Het bestreden besluit
2. Verweerder heeft de aanvraag afgewezen. Volgens verweerder is de opleiding en werkervaring van appellante gelet op de adviezen van de UU en de daarin meegewogen diplomawaardering van Nuffic niet gelijkwaardig aan de Nederlandse diergeneeskundeopleiding.

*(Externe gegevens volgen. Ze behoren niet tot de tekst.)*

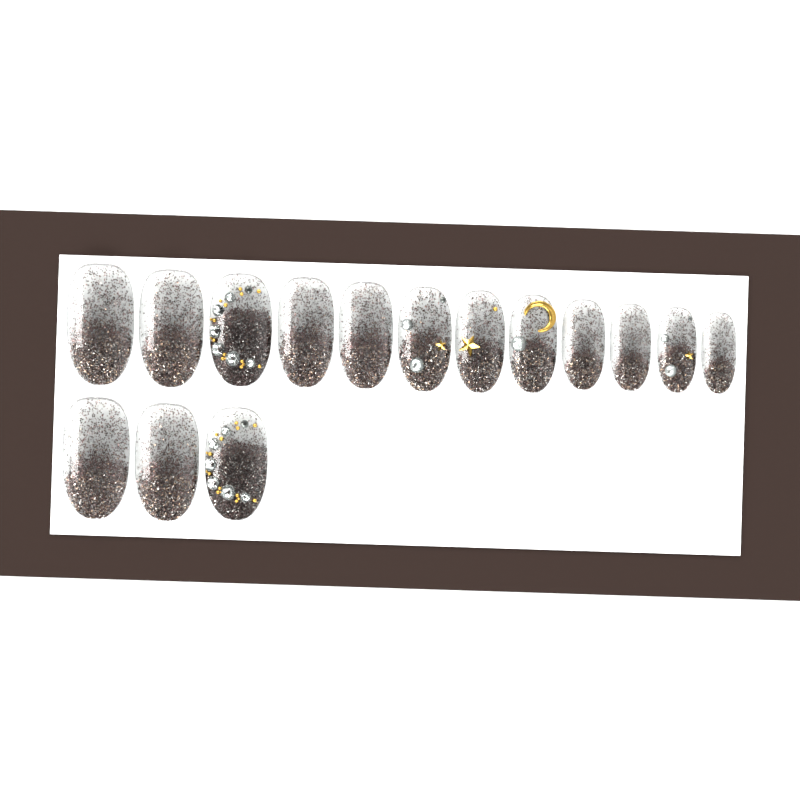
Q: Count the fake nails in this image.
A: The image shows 15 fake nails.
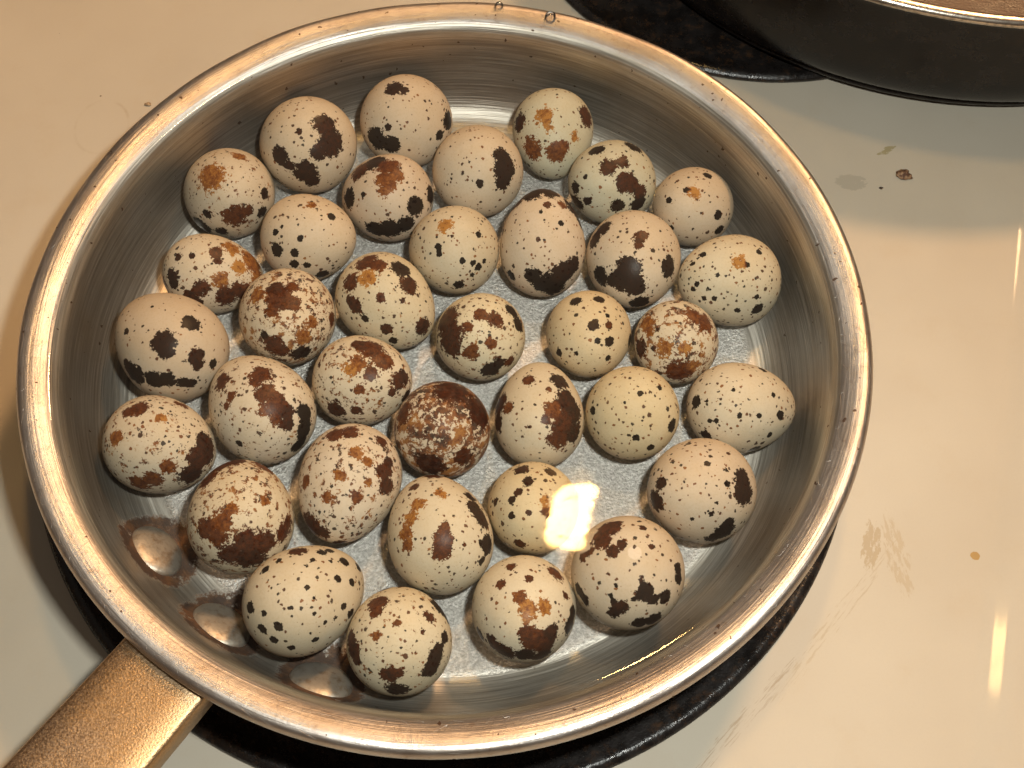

Heeft verweerder appellante ten onrechte niet gehoord in bezwaar?
3.1
Het College beoordeelt eerst of verweerder de hoorplicht in bezwaar heeft geschonden. Appellante voert namelijk aan dat zij niet is gehoord voorafgaand aan het bestreden besluit en geen uitnodiging voor de hoorzitting heeft ontvangen.
3.2
Op grond van artikel 7:2 van de Algemene wet bestuursrecht (Awb) moet een bestuursorgaan belanghebbenden in de gelegenheid te stellen om te worden gehoord voordat op het bezwaar wordt beslist. Verweerder moet belanghebbenden dus uitnodigen voor een hoorzitting. Verder volgt uit vaste rechtspraak dat als de belanghebbende ontkent een aangetekend stuk te hebben ontvangen, moet worden onderzocht of het stuk door PostNL op regelmatige wijze aan het adres van de belanghebbende is aangeboden (zie bijvoorbeeld de uitspraak van het College van 21 december 2016, ECLI:NL:CBB:2016:413, onder 5.3). Wanneer PostNL bij aanbieding van het stuk niemand thuis treft en daarom een afhaalbericht achterlaat, komt het niet ophalen van dat stuk bij het kantoor van PostNL voor rekening en risico van de belanghebbende. Stelt de belanghebbende geen afhaalbericht te hebben ontvangen, dan moet hij feiten aannemelijk maken op grond waarvan redelijkerwijs kan worden betwijfeld dat een afhaalbericht is achtergelaten.
3.3
Het College is van oordeel dat verweerder de hoorplicht in bezwaar niet heeft geschonden. Uit de stukken blijkt dat verweerder de uitnodiging voor de hoorzitting aangetekend heeft verzonden aan appellante. Tussen partijen is niet in geschil dat de uitnodiging aan het juiste adres is gericht. Op de envelop waarmee verweerder de uitnodiging uiteindelijk retour heeft ontvangen van PostNL, is vermeld dat het stuk niet is afgehaald. Hieruit kan worden afgeleid dat PostNL een afhaalbericht bij appellante heeft achtergelaten, maar dat zij het stuk niet heeft opgehaald. Appellante heeft geen feiten aannemelijk gemaakt op grond waarvan moet worden betwijfeld dat een afhaalbericht is achtergelaten.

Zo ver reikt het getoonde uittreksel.